Well, after a week of blood, sweat and tears, I finally tracked down the
    memory leak that's been slowly chipping away at my sanity for the past
    year.

    It's a pretty severe leak that affects the Python SWIG bindings: once
    allocated, an svn_merge_range_t object can never be freed.  This is
    due to a missing Py_DECREF call in swigutil_py.c's convert_rangelist
    method.

    The range lists can be huge, too, which makes this quite a nasty leak.
    I was seeing up to 750KB of RSS being eaten up on each invocation of
    svn_mergeinfo_parse() against non-trivial, real-world svn:mergeinfo
    data (such as that on /subversion/trunk, for example).
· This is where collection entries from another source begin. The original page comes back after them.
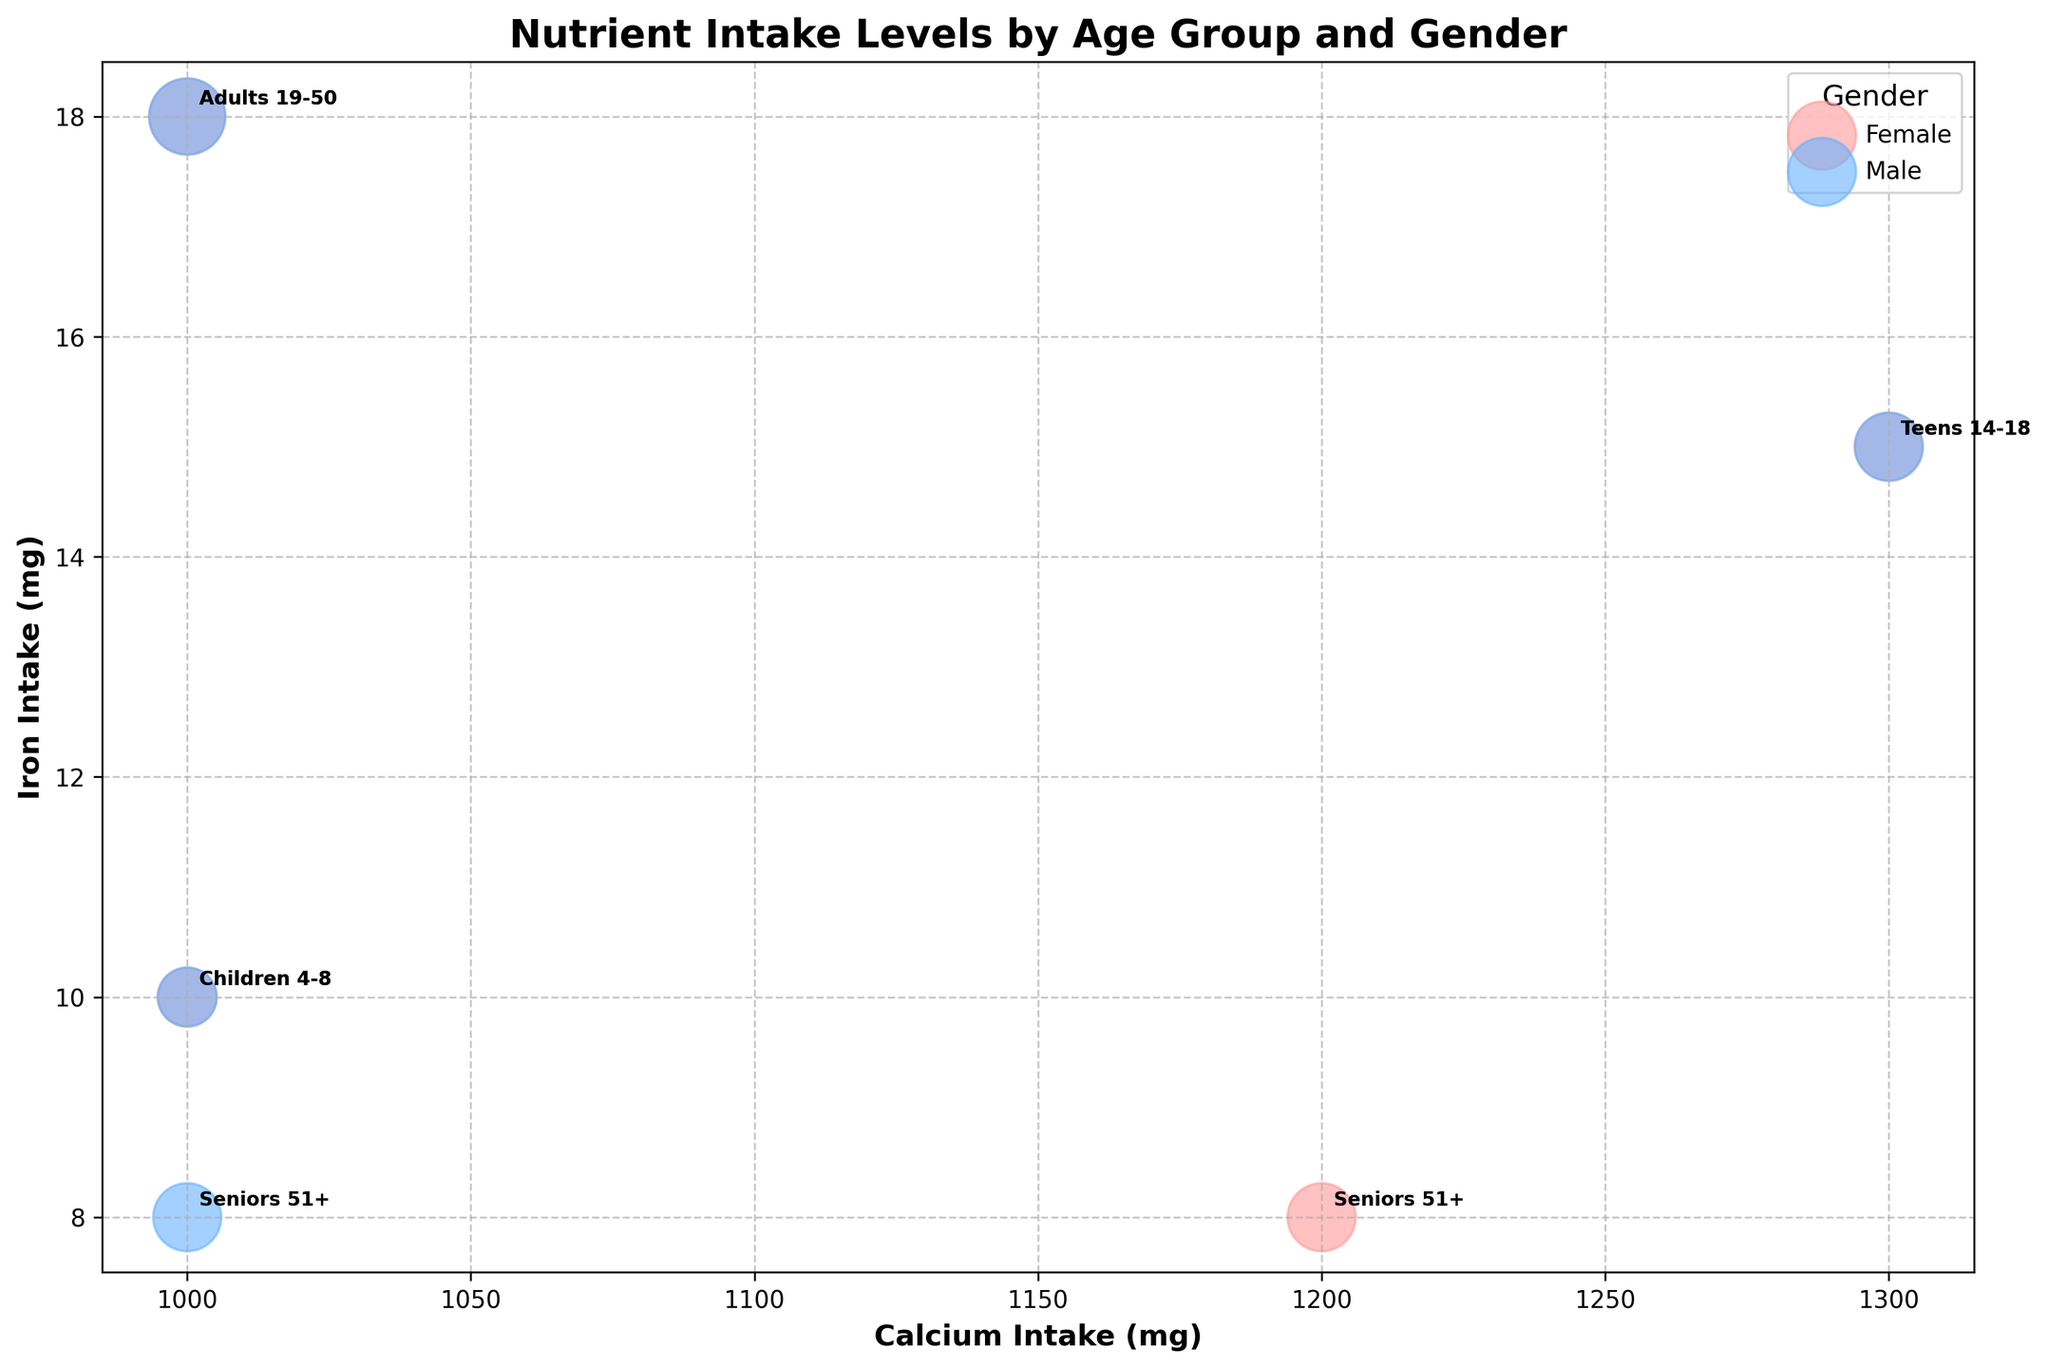What is the title of the figure? The title is usually located at the top of the figure and is meant to give a summary of what the figure represents. In this case, it's clearly stated to summarize the visualized data.
Answer: Nutrient Intake Levels by Age Group and Gender Which demographic group has the highest bubble size? Bubble size indicates the relative importance or magnitude. From the plot, "Adults 19-50" has the largest bubble size, which corresponds to 50.
Answer: Adults 19-50 How many distinct age groups are represented in the figure? By counting the number of unique age groups annotated in the figure, we can determine the number of distinct age groups.
Answer: Four (Children 4-8, Teens 14-18, Adults 19-50, Seniors 51+) Which gender has bubbles with a higher average calcium intake? By examining the positions of the bubbles along the x-axis (Calcium Intake) and comparing the general trend for both genders, we can identify which has a higher average. Comparing the placements shows that it's quite even for most values.
Answer: Both are similar Which demographic group has the highest iron intake, and what is the value? By looking at the y-axis (Iron Intake) and identifying the highest point, we can check which demographic group it corresponds to. It belongs to "Adults 19-50, Female" at 18 mg.
Answer: Adults 19-50, Female, 18 mg What is the difference in protein intake between "Teens 14-18, Male" and "Teens 14-18, Female"? We find the protein intake (g) values for both subgroups and subtract the female value from the male value. The male intake is 52 g and the female intake is 46 g, so 52 - 46 = 6.
Answer: 6 g For the same gender, how does the iron intake of "Children 4-8" compare to "Seniors 51+"? By comparing the positions of bubbles for "Children 4-8" and "Seniors 51+" of the same gender along the y-axis (Iron Intake), we can determine which has a higher value. Both groups show "8 mg" for "Seniors 51+" and "10 mg" for "Children 4-8".
Answer: Children 4-8 has higher iron intake Which age group and gender combination has the highest vitamin C intake? We need to examine possible annotations alongside the highest bubble along the x-axis (Vitamin C), looking for the gender with the highest point. "Adults 19-50, Male" has the highest intake of 90 mg.
Answer: Adults 19-50, Male How does the average calcium intake for males compare with the average calcium intake for females? Summing up the calcium intake values for each gender and dividing by the number of data points (4 for each gender) gives the average. The average for both males and females is 1125 mg, showing similarity.
Answer: Both are similar Of all groups, which demographic group could be considered to have balanced nutrient intake across calcium, iron, and protein? Identifying the group closest to the center of the bubble chart with consistent nutrient intake across three key markers (calcium, iron, and protein). “Adults 19-50” groups appear the most balanced due to central placement without extremely high or low deviations.
Answer: Adults 19-50 
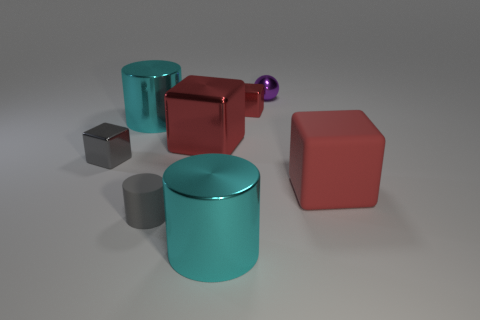How many red cubes must be subtracted to get 1 red cubes? 2 Subtract all yellow cylinders. How many red blocks are left? 3 Subtract 1 blocks. How many blocks are left? 3 Add 2 purple metal balls. How many objects exist? 10 Subtract all balls. How many objects are left? 7 Subtract all small shiny objects. Subtract all small yellow objects. How many objects are left? 5 Add 4 small purple shiny balls. How many small purple shiny balls are left? 5 Add 6 large cylinders. How many large cylinders exist? 8 Subtract 0 red balls. How many objects are left? 8 
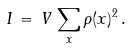Convert formula to latex. <formula><loc_0><loc_0><loc_500><loc_500>I \, = \, V \, \sum _ { x } \rho ( x ) ^ { 2 } \, .</formula> 
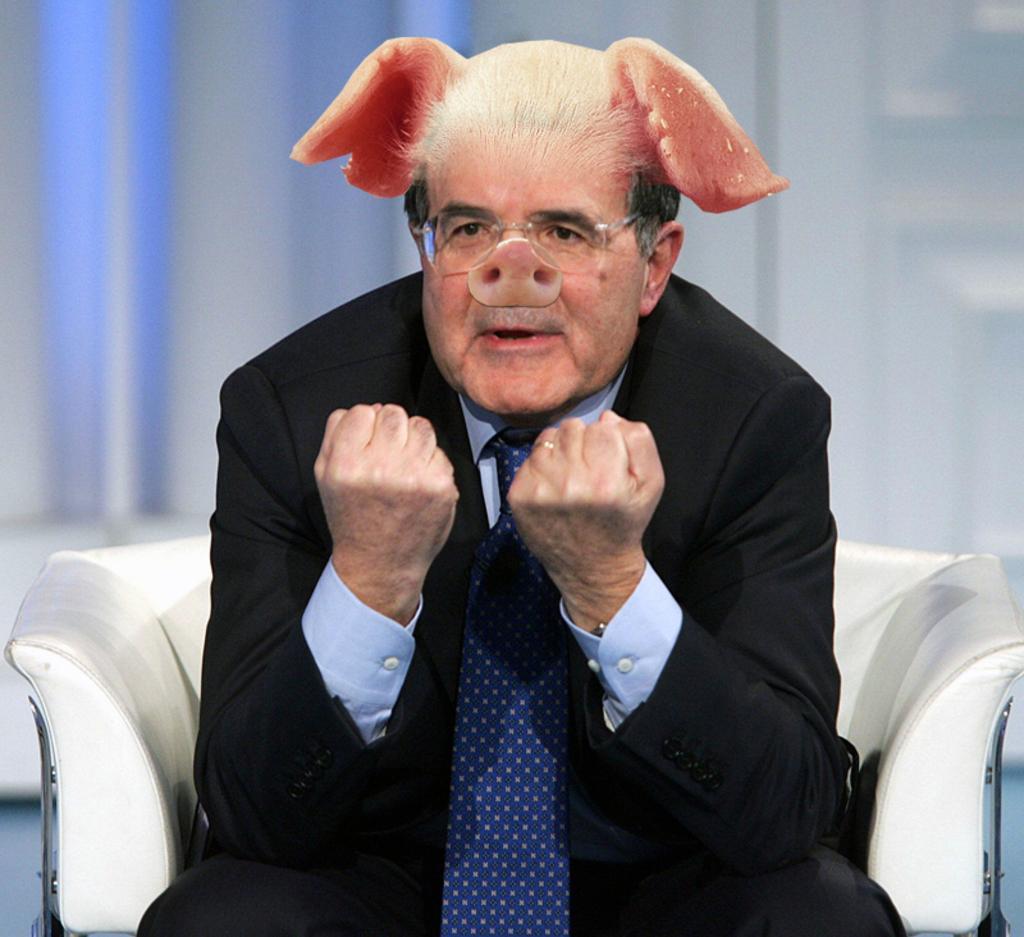Could you give a brief overview of what you see in this image? In this image we can see a man sitting on the couch and wearing the mask of pig's nose and ears. 
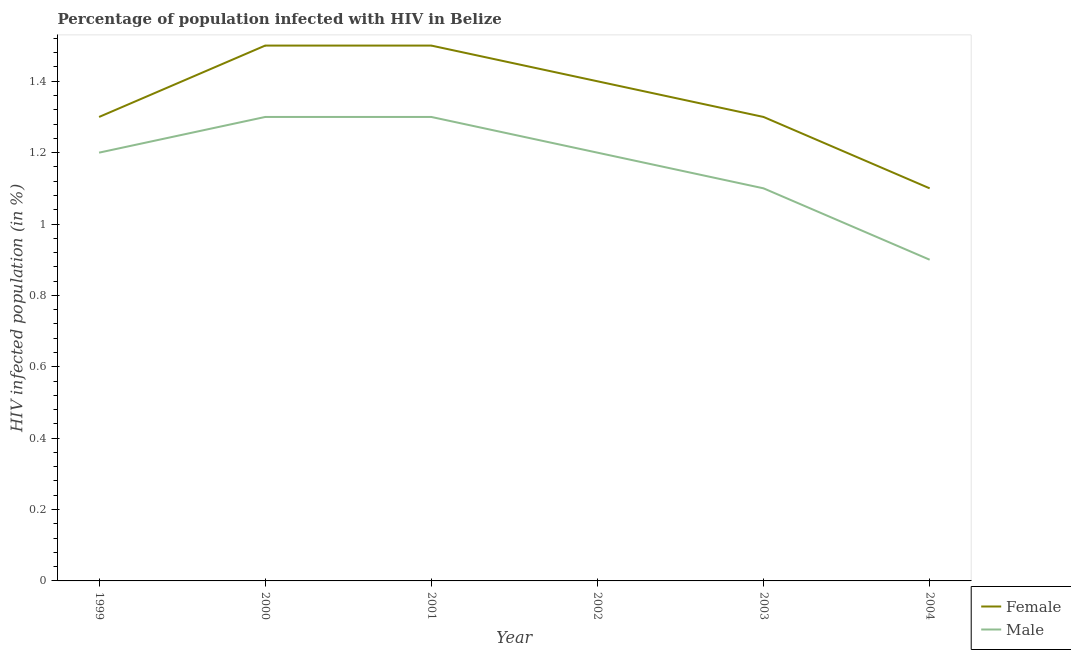Is the number of lines equal to the number of legend labels?
Provide a short and direct response. Yes. What is the percentage of males who are infected with hiv in 2001?
Ensure brevity in your answer.  1.3. Across all years, what is the minimum percentage of females who are infected with hiv?
Offer a terse response. 1.1. In which year was the percentage of males who are infected with hiv minimum?
Make the answer very short. 2004. What is the difference between the percentage of females who are infected with hiv in 2002 and that in 2004?
Ensure brevity in your answer.  0.3. What is the difference between the percentage of females who are infected with hiv in 1999 and the percentage of males who are infected with hiv in 2003?
Provide a succinct answer. 0.2. What is the average percentage of males who are infected with hiv per year?
Offer a terse response. 1.17. In the year 2004, what is the difference between the percentage of males who are infected with hiv and percentage of females who are infected with hiv?
Offer a terse response. -0.2. In how many years, is the percentage of males who are infected with hiv greater than 1.4800000000000002 %?
Give a very brief answer. 0. What is the ratio of the percentage of females who are infected with hiv in 2001 to that in 2002?
Offer a very short reply. 1.07. What is the difference between the highest and the lowest percentage of females who are infected with hiv?
Ensure brevity in your answer.  0.4. Is the percentage of males who are infected with hiv strictly greater than the percentage of females who are infected with hiv over the years?
Your response must be concise. No. Is the percentage of males who are infected with hiv strictly less than the percentage of females who are infected with hiv over the years?
Your answer should be very brief. Yes. How many years are there in the graph?
Your response must be concise. 6. Does the graph contain grids?
Provide a succinct answer. No. How many legend labels are there?
Give a very brief answer. 2. What is the title of the graph?
Offer a very short reply. Percentage of population infected with HIV in Belize. Does "Male labourers" appear as one of the legend labels in the graph?
Keep it short and to the point. No. What is the label or title of the X-axis?
Offer a very short reply. Year. What is the label or title of the Y-axis?
Provide a succinct answer. HIV infected population (in %). What is the HIV infected population (in %) of Female in 1999?
Give a very brief answer. 1.3. What is the HIV infected population (in %) of Female in 2000?
Your answer should be very brief. 1.5. What is the HIV infected population (in %) in Female in 2001?
Give a very brief answer. 1.5. What is the HIV infected population (in %) in Female in 2004?
Keep it short and to the point. 1.1. What is the HIV infected population (in %) in Male in 2004?
Your response must be concise. 0.9. Across all years, what is the maximum HIV infected population (in %) of Female?
Ensure brevity in your answer.  1.5. Across all years, what is the maximum HIV infected population (in %) of Male?
Give a very brief answer. 1.3. What is the total HIV infected population (in %) of Male in the graph?
Offer a very short reply. 7. What is the difference between the HIV infected population (in %) in Female in 1999 and that in 2001?
Make the answer very short. -0.2. What is the difference between the HIV infected population (in %) in Male in 1999 and that in 2001?
Give a very brief answer. -0.1. What is the difference between the HIV infected population (in %) in Female in 1999 and that in 2002?
Make the answer very short. -0.1. What is the difference between the HIV infected population (in %) of Female in 1999 and that in 2003?
Keep it short and to the point. 0. What is the difference between the HIV infected population (in %) in Male in 1999 and that in 2003?
Provide a short and direct response. 0.1. What is the difference between the HIV infected population (in %) of Female in 2000 and that in 2001?
Provide a short and direct response. 0. What is the difference between the HIV infected population (in %) in Male in 2000 and that in 2001?
Offer a terse response. 0. What is the difference between the HIV infected population (in %) of Male in 2000 and that in 2002?
Offer a very short reply. 0.1. What is the difference between the HIV infected population (in %) in Female in 2000 and that in 2004?
Offer a terse response. 0.4. What is the difference between the HIV infected population (in %) of Male in 2000 and that in 2004?
Offer a very short reply. 0.4. What is the difference between the HIV infected population (in %) in Female in 2001 and that in 2002?
Provide a short and direct response. 0.1. What is the difference between the HIV infected population (in %) in Female in 2001 and that in 2003?
Offer a very short reply. 0.2. What is the difference between the HIV infected population (in %) in Female in 2001 and that in 2004?
Make the answer very short. 0.4. What is the difference between the HIV infected population (in %) in Male in 2002 and that in 2003?
Make the answer very short. 0.1. What is the difference between the HIV infected population (in %) in Female in 2002 and that in 2004?
Offer a very short reply. 0.3. What is the difference between the HIV infected population (in %) in Female in 2003 and that in 2004?
Your answer should be compact. 0.2. What is the difference between the HIV infected population (in %) in Female in 2000 and the HIV infected population (in %) in Male in 2002?
Provide a short and direct response. 0.3. What is the difference between the HIV infected population (in %) of Female in 2000 and the HIV infected population (in %) of Male in 2003?
Your answer should be very brief. 0.4. What is the difference between the HIV infected population (in %) of Female in 2001 and the HIV infected population (in %) of Male in 2003?
Give a very brief answer. 0.4. What is the difference between the HIV infected population (in %) of Female in 2001 and the HIV infected population (in %) of Male in 2004?
Keep it short and to the point. 0.6. What is the average HIV infected population (in %) of Female per year?
Make the answer very short. 1.35. In the year 1999, what is the difference between the HIV infected population (in %) of Female and HIV infected population (in %) of Male?
Keep it short and to the point. 0.1. In the year 2001, what is the difference between the HIV infected population (in %) of Female and HIV infected population (in %) of Male?
Provide a succinct answer. 0.2. In the year 2003, what is the difference between the HIV infected population (in %) of Female and HIV infected population (in %) of Male?
Make the answer very short. 0.2. What is the ratio of the HIV infected population (in %) of Female in 1999 to that in 2000?
Keep it short and to the point. 0.87. What is the ratio of the HIV infected population (in %) in Male in 1999 to that in 2000?
Provide a short and direct response. 0.92. What is the ratio of the HIV infected population (in %) of Female in 1999 to that in 2001?
Offer a very short reply. 0.87. What is the ratio of the HIV infected population (in %) of Male in 1999 to that in 2003?
Your response must be concise. 1.09. What is the ratio of the HIV infected population (in %) in Female in 1999 to that in 2004?
Keep it short and to the point. 1.18. What is the ratio of the HIV infected population (in %) of Female in 2000 to that in 2001?
Keep it short and to the point. 1. What is the ratio of the HIV infected population (in %) of Female in 2000 to that in 2002?
Make the answer very short. 1.07. What is the ratio of the HIV infected population (in %) of Male in 2000 to that in 2002?
Offer a very short reply. 1.08. What is the ratio of the HIV infected population (in %) in Female in 2000 to that in 2003?
Give a very brief answer. 1.15. What is the ratio of the HIV infected population (in %) of Male in 2000 to that in 2003?
Your response must be concise. 1.18. What is the ratio of the HIV infected population (in %) in Female in 2000 to that in 2004?
Offer a very short reply. 1.36. What is the ratio of the HIV infected population (in %) in Male in 2000 to that in 2004?
Provide a short and direct response. 1.44. What is the ratio of the HIV infected population (in %) in Female in 2001 to that in 2002?
Make the answer very short. 1.07. What is the ratio of the HIV infected population (in %) of Female in 2001 to that in 2003?
Your response must be concise. 1.15. What is the ratio of the HIV infected population (in %) in Male in 2001 to that in 2003?
Your response must be concise. 1.18. What is the ratio of the HIV infected population (in %) in Female in 2001 to that in 2004?
Offer a terse response. 1.36. What is the ratio of the HIV infected population (in %) of Male in 2001 to that in 2004?
Your response must be concise. 1.44. What is the ratio of the HIV infected population (in %) of Female in 2002 to that in 2003?
Keep it short and to the point. 1.08. What is the ratio of the HIV infected population (in %) in Male in 2002 to that in 2003?
Provide a short and direct response. 1.09. What is the ratio of the HIV infected population (in %) in Female in 2002 to that in 2004?
Offer a terse response. 1.27. What is the ratio of the HIV infected population (in %) of Male in 2002 to that in 2004?
Your response must be concise. 1.33. What is the ratio of the HIV infected population (in %) of Female in 2003 to that in 2004?
Your response must be concise. 1.18. What is the ratio of the HIV infected population (in %) in Male in 2003 to that in 2004?
Your response must be concise. 1.22. What is the difference between the highest and the second highest HIV infected population (in %) of Female?
Offer a very short reply. 0. What is the difference between the highest and the second highest HIV infected population (in %) of Male?
Keep it short and to the point. 0. What is the difference between the highest and the lowest HIV infected population (in %) of Male?
Make the answer very short. 0.4. 
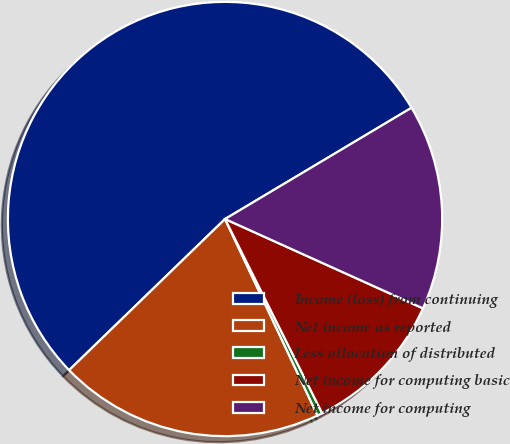Convert chart. <chart><loc_0><loc_0><loc_500><loc_500><pie_chart><fcel>Income (loss) from continuing<fcel>Net income as reported<fcel>Less allocation of distributed<fcel>Net income for computing basic<fcel>Net income for computing<nl><fcel>53.69%<fcel>19.75%<fcel>0.38%<fcel>10.87%<fcel>15.31%<nl></chart> 
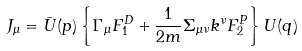<formula> <loc_0><loc_0><loc_500><loc_500>J _ { \mu } = \bar { U } ( p ) \left \{ \Gamma _ { \mu } F ^ { D } _ { 1 } + \frac { 1 } { 2 m } \Sigma _ { \mu \nu } k ^ { \nu } F ^ { P } _ { 2 } \right \} U ( q )</formula>

    Any of the mergeinfo methods that return a range list (which almost all
    do) are affected.  I haven't looked at the Perl or Ruby bindings in any
    capacity.

    Patch against trunk attached.

    Regards,

        Trent.

[[

Fix a memory leak in convert_rangelist by *always* Py_DECREF'ing the object
returned by convert_to_swigtype (a SWIG wrapper around svn_merge_range_t)
once we've established it's not NULL.

This is required because PyList_Append takes ownership of references passed
in (i.e. calls Py_INCREF).  Prior to this fix, the reference counts of any
svn_merge_range_t objects would always be off-by-one, preventing them from
ever being garbage collected, having dire effects on the memory usage of
long-running programs calling svn_mergeinfo_parse() on real-world data.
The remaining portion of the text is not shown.